I finally got Link's new cage 150 miles or so, and into our apartment! The enclosure previously held a guy's blackthroat monitor, and is built to be very sturdy. The glass is scratched up pretty bad, but I'll probably just replace it in the future. It works for now. I'm going out to buy a couple of UVB lights tomorrow.
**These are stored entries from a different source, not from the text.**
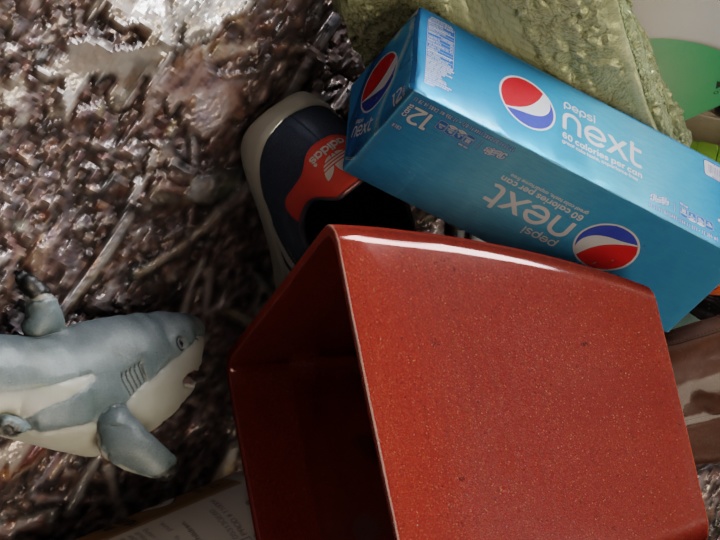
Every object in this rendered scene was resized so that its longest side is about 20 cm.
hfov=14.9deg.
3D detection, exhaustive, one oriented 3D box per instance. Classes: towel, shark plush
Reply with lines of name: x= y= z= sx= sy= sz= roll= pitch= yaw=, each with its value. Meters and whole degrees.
towel: x=0.075 y=-0.102 z=1.394 sx=0.148 sy=0.037 sz=0.200 roll=-13 pitch=133 yaw=17
shark plush: x=-0.168 y=0.040 z=1.355 sx=0.200 sy=0.091 sz=0.084 roll=17 pitch=87 yaw=-27

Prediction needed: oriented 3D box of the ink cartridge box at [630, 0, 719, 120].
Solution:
ink cartridge box: x=0.151 y=-0.146 z=1.397 sx=0.161 sy=0.050 sz=0.200 roll=-23 pitch=149 yaw=18

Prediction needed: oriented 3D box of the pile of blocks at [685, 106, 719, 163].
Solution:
pile of blocks: x=0.217 y=-0.087 z=1.485 sx=0.200 sy=0.082 sz=0.062 roll=-51 pitch=170 yaw=-11

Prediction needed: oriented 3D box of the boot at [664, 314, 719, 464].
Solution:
boot: x=0.158 y=0.115 z=1.545 sx=0.200 sy=0.064 sz=0.187 roll=-13 pitch=124 yaw=-15

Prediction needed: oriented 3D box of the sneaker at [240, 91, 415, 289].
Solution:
sneaker: x=0.000 y=0.000 z=1.435 sx=0.075 sy=0.084 sz=0.200 roll=-40 pitch=139 yaw=-12

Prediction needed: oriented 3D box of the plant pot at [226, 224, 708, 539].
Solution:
plant pot: x=0.057 y=0.097 z=1.369 sx=0.176 sy=0.200 sz=0.200 roll=-4 pitch=161 yaw=-21

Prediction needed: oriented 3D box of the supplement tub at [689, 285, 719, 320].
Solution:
supplement tub: x=0.248 y=-0.012 z=1.610 sx=0.123 sy=0.122 sz=0.200 roll=-55 pitch=147 yaw=5

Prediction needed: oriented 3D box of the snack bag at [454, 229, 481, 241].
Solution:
snack bag: x=0.132 y=-0.101 z=1.531 sx=0.200 sy=0.021 sz=0.189 roll=-27 pitch=135 yaw=-30

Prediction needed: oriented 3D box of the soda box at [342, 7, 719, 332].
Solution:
soda box: x=0.093 y=-0.049 z=1.376 sx=0.200 sy=0.064 sz=0.068 roll=26 pitch=132 yaw=-20

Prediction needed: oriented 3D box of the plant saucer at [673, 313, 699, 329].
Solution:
plant saucer: x=0.143 y=0.072 z=1.656 sx=0.201 sy=0.039 sz=0.201 roll=-23 pitch=133 yaw=-28

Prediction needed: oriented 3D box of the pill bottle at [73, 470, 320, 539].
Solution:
pill bottle: x=-0.120 y=0.190 z=1.442 sx=0.200 sy=0.114 sz=0.115 roll=-21 pitch=131 yaw=-31
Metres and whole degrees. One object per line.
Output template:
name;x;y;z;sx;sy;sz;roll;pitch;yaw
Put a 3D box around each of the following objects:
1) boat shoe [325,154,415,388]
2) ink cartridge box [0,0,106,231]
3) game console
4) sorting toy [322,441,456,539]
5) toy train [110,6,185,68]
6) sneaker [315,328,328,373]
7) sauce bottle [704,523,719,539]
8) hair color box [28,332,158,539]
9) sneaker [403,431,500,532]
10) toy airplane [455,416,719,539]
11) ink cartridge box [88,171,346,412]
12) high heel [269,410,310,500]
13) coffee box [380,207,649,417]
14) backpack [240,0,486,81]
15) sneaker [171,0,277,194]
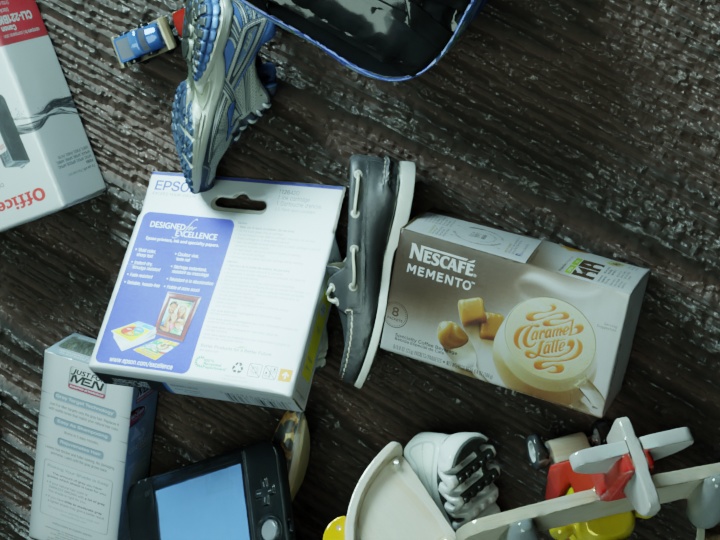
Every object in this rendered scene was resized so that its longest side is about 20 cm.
boat shoe;0.000;0.000;1.391;0.060;0.074;0.202;11;104;-4
ink cartridge box;-0.342;-0.137;1.497;0.143;0.084;0.201;-17;99;25
game console;-0.163;0.252;1.432;0.199;0.116;0.177;-20;69;35
sorting toy;0.043;0.281;1.417;0.106;0.180;0.201;-30;69;-13
toy train;-0.138;-0.218;1.411;0.199;0.046;0.034;-18;98;26
sneaker;-0.122;0.058;1.483;0.198;0.077;0.086;-3;85;18
sauce bottle;0.354;0.294;1.350;0.066;0.066;0.201;-27;93;26
hair color box;-0.257;0.172;1.566;0.098;0.061;0.202;15;111;17
sneaker;0.088;0.232;1.446;0.081;0.075;0.202;7;113;44
toy airplane;0.202;0.190;1.297;0.199;0.199;0.142;-15;82;32
ink cartridge box;-0.120;0.015;1.436;0.196;0.047;0.201;6;63;21
high heel;-0.127;0.188;1.508;0.142;0.071;0.201;22;121;8
coffee box;0.128;0.032;1.357;0.199;0.080;0.115;17;111;17
backpack;0.012;-0.261;1.280;0.199;0.147;0.184;35;114;3
sneaker;-0.112;-0.146;1.400;0.084;0.077;0.201;-2;135;-18
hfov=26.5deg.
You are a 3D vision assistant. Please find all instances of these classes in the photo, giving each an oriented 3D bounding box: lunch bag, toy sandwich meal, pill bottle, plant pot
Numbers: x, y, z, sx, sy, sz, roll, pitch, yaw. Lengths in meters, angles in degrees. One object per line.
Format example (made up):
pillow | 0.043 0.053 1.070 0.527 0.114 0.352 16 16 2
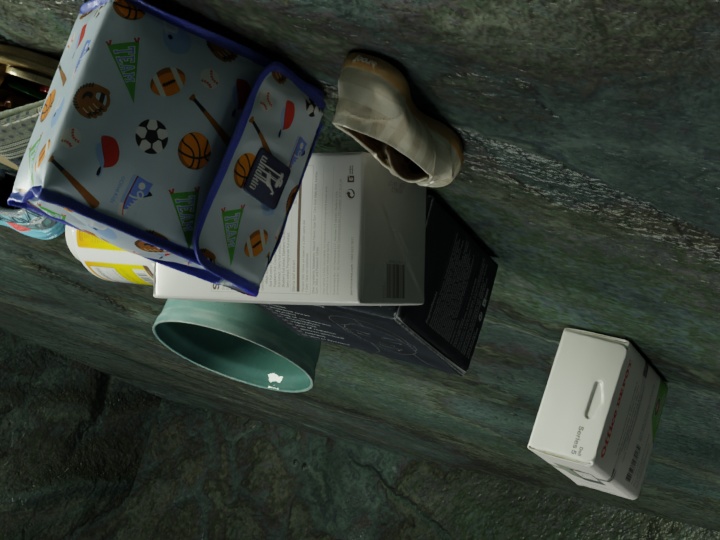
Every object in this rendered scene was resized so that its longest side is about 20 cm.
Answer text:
lunch bag | -0.133 -0.091 1.140 0.199 0.172 0.124 25 171 -24
toy sandwich meal | -0.296 -0.139 1.399 0.203 0.071 0.205 17 168 4
pill bottle | -0.241 -0.040 1.676 0.109 0.110 0.199 27 165 -39
plant pot | -0.129 0.042 1.801 0.198 0.135 0.201 17 162 6

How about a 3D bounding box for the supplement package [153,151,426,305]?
supplement package | -0.058 -0.032 1.272 0.198 0.121 0.121 1 179 29

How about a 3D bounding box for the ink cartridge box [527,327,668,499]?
ink cartridge box | 0.277 0.167 1.757 0.083 0.147 0.200 13 167 28

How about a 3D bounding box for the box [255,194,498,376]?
box | 0.000 0.000 1.462 0.198 0.125 0.196 13 169 26

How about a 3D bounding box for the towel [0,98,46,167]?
towel | -0.209 -0.116 1.344 0.198 0.035 0.192 -13 153 23

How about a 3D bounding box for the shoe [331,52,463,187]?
shoe | 0.025 -0.098 1.148 0.069 0.054 0.200 13 167 24

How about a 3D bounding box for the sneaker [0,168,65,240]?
sneaker | -0.449 -0.098 1.852 0.198 0.080 0.096 7 157 12
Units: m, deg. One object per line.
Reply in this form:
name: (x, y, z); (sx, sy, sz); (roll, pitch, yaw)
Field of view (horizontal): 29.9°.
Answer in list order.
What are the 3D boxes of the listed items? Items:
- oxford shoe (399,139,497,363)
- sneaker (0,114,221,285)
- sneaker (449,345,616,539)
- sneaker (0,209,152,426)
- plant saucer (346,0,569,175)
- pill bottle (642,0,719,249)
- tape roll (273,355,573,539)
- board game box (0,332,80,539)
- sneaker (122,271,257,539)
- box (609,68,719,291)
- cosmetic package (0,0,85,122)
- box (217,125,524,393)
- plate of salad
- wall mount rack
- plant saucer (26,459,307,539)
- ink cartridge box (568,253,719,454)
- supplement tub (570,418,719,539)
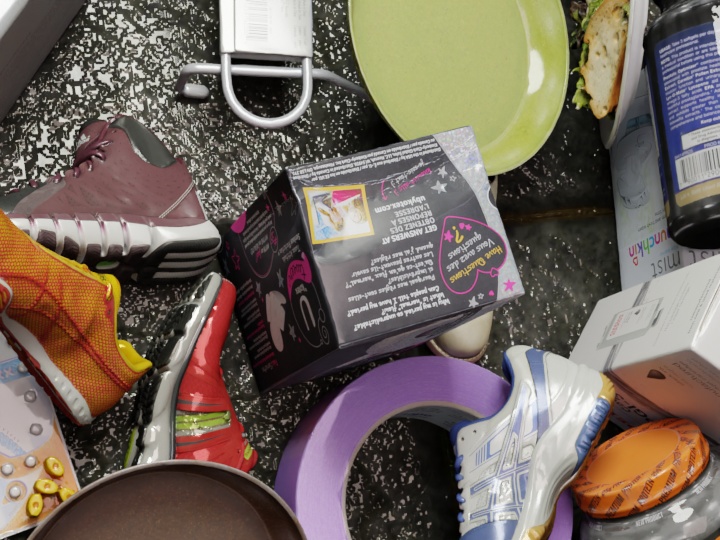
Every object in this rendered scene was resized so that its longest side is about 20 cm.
oxford shoe: (0.066, -0.034, 0.975); (0.070, 0.074, 0.202); (-4, 78, -19)
sneaker: (-0.195, -0.050, 0.890); (0.199, 0.076, 0.116); (1, 59, -35)
sneaker: (0.089, 0.144, 0.883); (0.088, 0.075, 0.201); (26, 72, 15)
sneaker: (-0.192, 0.010, 0.814); (0.077, 0.201, 0.073); (-43, 52, -16)
plant saucer: (0.064, -0.163, 0.933); (0.199, 0.031, 0.202); (5, 82, -37)
pill bottle: (0.256, -0.124, 0.939); (0.111, 0.112, 0.202); (-1, 77, -19)
tape roll: (0.043, 0.163, 0.926); (0.198, 0.066, 0.202); (4, 77, -17)
board game box: (-0.298, 0.088, 0.850); (0.199, 0.026, 0.201); (-17, 83, -22)
sneaker: (-0.106, 0.103, 0.892); (0.084, 0.077, 0.202); (15, 83, -20)
box: (0.302, -0.060, 1.051); (0.198, 0.097, 0.178); (3, 74, -19)
cosmetic package: (-0.264, -0.200, 0.837); (0.164, 0.200, 0.166); (33, 69, -9)
box: (0.000, 0.000, 0.877); (0.131, 0.200, 0.116); (-15, 83, -21)
plate of salad: (0.179, -0.191, 0.994); (0.048, 0.200, 0.202); (3, 75, 5)
wall mount rack: (-0.047, -0.187, 0.980); (0.172, 0.075, 0.202); (2, 76, -14)
plant saucer: (-0.127, 0.204, 0.836); (0.199, 0.034, 0.202); (-7, 109, -20)
ink cartridge box: (0.251, 0.074, 0.944); (0.146, 0.200, 0.083); (34, 71, -8)
supplement tub: (0.229, 0.211, 0.926); (0.122, 0.122, 0.201); (-31, 100, -22)
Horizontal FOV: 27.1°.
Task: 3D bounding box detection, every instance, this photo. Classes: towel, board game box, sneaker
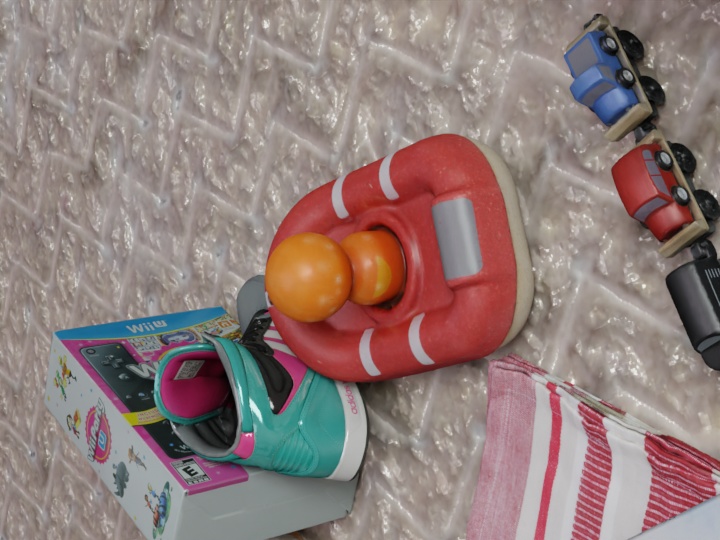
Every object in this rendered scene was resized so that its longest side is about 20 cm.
[{"bbox_3d":[0.131,0.146,0.823,0.199,0.023,0.146,27,118,49],"label":"towel"},{"bbox_3d":[-0.114,0.108,1.049,0.200,0.146,0.065,38,126,43],"label":"board game box"},{"bbox_3d":[-0.081,0.063,0.994,0.084,0.119,0.200,-68,30,25],"label":"sneaker"}]

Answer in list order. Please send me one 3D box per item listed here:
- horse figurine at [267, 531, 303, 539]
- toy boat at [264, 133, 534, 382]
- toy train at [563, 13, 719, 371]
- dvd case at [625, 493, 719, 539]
[{"bbox_3d":[-0.072,0.207,1.050,0.199,0.131,0.050,25,94,58],"label":"horse figurine"},{"bbox_3d":[0.000,0.000,0.887,0.199,0.130,0.132,-20,79,53],"label":"toy boat"},{"bbox_3d":[0.148,-0.041,0.746,0.034,0.045,0.202,-43,61,48],"label":"toy train"},{"bbox_3d":[0.175,0.196,0.748,0.200,0.017,0.144,-39,71,44],"label":"dvd case"}]
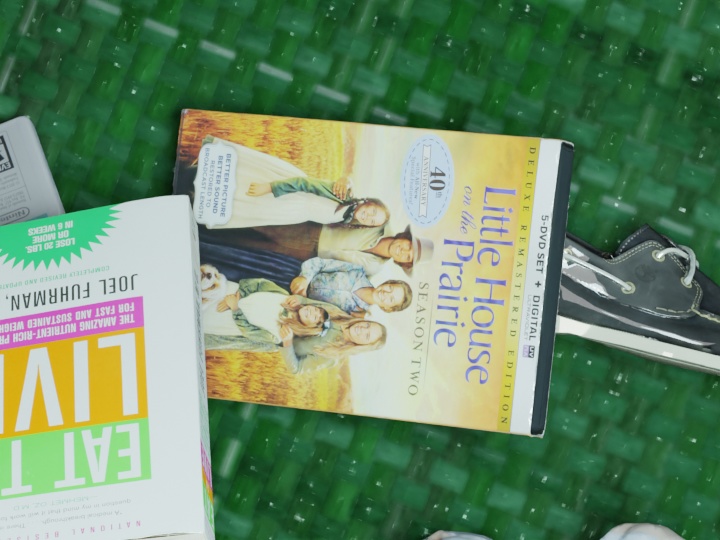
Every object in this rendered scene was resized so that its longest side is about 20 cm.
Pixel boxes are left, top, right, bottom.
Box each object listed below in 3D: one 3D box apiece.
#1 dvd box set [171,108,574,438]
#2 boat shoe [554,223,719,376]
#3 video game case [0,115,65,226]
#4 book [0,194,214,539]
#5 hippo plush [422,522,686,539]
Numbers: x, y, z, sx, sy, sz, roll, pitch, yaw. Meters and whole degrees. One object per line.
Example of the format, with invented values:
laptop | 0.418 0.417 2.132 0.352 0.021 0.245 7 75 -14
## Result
dvd box set | 0.000 0.000 1.454 0.200 0.029 0.146 6 89 19
boat shoe | 0.144 0.012 1.470 0.200 0.072 0.068 17 89 2
video game case | -0.228 0.030 1.437 0.200 0.024 0.182 -22 54 -2
book | -0.136 0.059 1.351 0.133 0.048 0.200 -11 48 4
hippo plush | 0.076 0.212 1.441 0.161 0.159 0.200 7 51 25
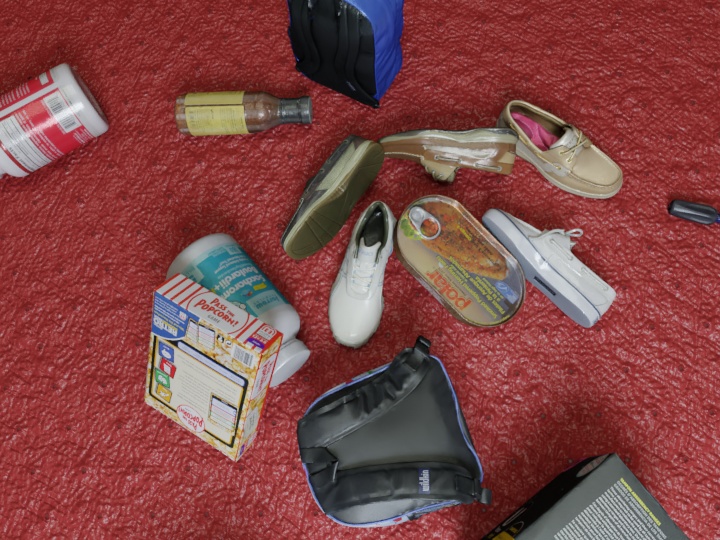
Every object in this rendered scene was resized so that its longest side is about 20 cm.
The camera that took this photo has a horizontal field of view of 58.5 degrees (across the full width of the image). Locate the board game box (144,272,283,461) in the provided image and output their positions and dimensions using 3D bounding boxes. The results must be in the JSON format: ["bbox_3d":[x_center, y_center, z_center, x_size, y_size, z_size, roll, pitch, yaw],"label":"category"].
[{"bbox_3d":[-0.185,0.122,0.780,0.151,0.200,0.046,29,38,12],"label":"board game box"}]

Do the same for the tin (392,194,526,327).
[{"bbox_3d":[0.128,-0.010,0.850,0.200,0.042,0.112,46,71,-1],"label":"tin"}]

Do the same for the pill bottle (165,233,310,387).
[{"bbox_3d":[-0.154,0.054,0.839,0.111,0.111,0.200,-41,73,-9],"label":"pill bottle"}]

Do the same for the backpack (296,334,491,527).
[{"bbox_3d":[0.026,0.205,0.754,0.190,0.154,0.200,-15,65,-9],"label":"backpack"}]

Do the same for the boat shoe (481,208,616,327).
[{"bbox_3d":[0.257,-0.025,0.853,0.086,0.075,0.202,-43,76,-9],"label":"boat shoe"}]

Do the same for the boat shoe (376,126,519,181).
[{"bbox_3d":[0.121,-0.162,0.909,0.200,0.076,0.074,2,99,17],"label":"boat shoe"}]

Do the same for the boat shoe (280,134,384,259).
[{"bbox_3d":[-0.047,-0.106,0.910,0.066,0.072,0.201,37,87,36],"label":"boat shoe"}]

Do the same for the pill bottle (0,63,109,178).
[{"bbox_3d":[-0.490,-0.211,0.953,0.200,0.112,0.112,-31,72,-6],"label":"pill bottle"}]

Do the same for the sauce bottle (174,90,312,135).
[{"bbox_3d":[-0.173,-0.235,0.962,0.200,0.066,0.066,1,72,4],"label":"sauce bottle"}]

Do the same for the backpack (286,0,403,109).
[{"bbox_3d":[-0.017,-0.368,0.923,0.162,0.200,0.168,22,75,12],"label":"backpack"}]

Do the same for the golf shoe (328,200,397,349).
[{"bbox_3d":[0.000,0.000,0.853,0.078,0.097,0.200,10,74,6],"label":"golf shoe"}]

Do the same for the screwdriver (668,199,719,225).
[{"bbox_3d":[0.520,-0.060,0.873,0.200,0.029,0.028,18,73,6],"label":"screwdriver"}]

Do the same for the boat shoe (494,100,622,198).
[{"bbox_3d":[0.279,-0.172,0.902,0.200,0.069,0.074,33,77,14],"label":"boat shoe"}]

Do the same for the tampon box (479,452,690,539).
[{"bbox_3d":[0.227,0.311,0.702,0.200,0.150,0.126,-36,73,-8],"label":"tampon box"}]

I'm sure Link will thank me with his usual tongue flicking and climbing on me  

So here's some pictures! 

















Eventually, the plan is to use the enclosure as an eat-at bar in the studio apartment we're moving into in the next couple of months  Just gotta get some bar stools to go with it.


----------



## adam1120 (Jul 22, 2011)

u should use plexiglass since its gunna a eat at bar dont wanna kick the glass and break it just a little thing to think about how wide is it? i like it tho


----------



## Kebechet (Jul 22, 2011)

adam1120 said:


> u should use plexiglass since its gunna a eat at bar dont wanna kick the glass and break it just a little thing to think about how wide is it? i like it tho



It's actually tempered glass- it would take a lot to break it. A small accidental kick wouldn't be enough. I'd stick with the tempered glass for that reason, and the fact that it's too heavy for Link to slide open. It's 3x3x8


----------



## adam1120 (Jul 22, 2011)

i like it alot its excatly the size i want for my soon to come tegulove the rock setup too alot


----------



## turtlepunk (Jul 22, 2011)

LOVE IT!!!! you lucked out!! wish I could find an awesome enclosure like that for cheap.


----------



## rrcoolj (Jul 22, 2011)

Very nice enclosure. What are the dimensions?


----------



## Neeko (Jul 22, 2011)

CAGE IS AWESOME, He should of given you a blue print with it though to share.


----------



## Kebechet (Jul 22, 2011)

rrcoolj said:


> Very nice enclosure. What are the dimensions?



It's 8x3x3


----------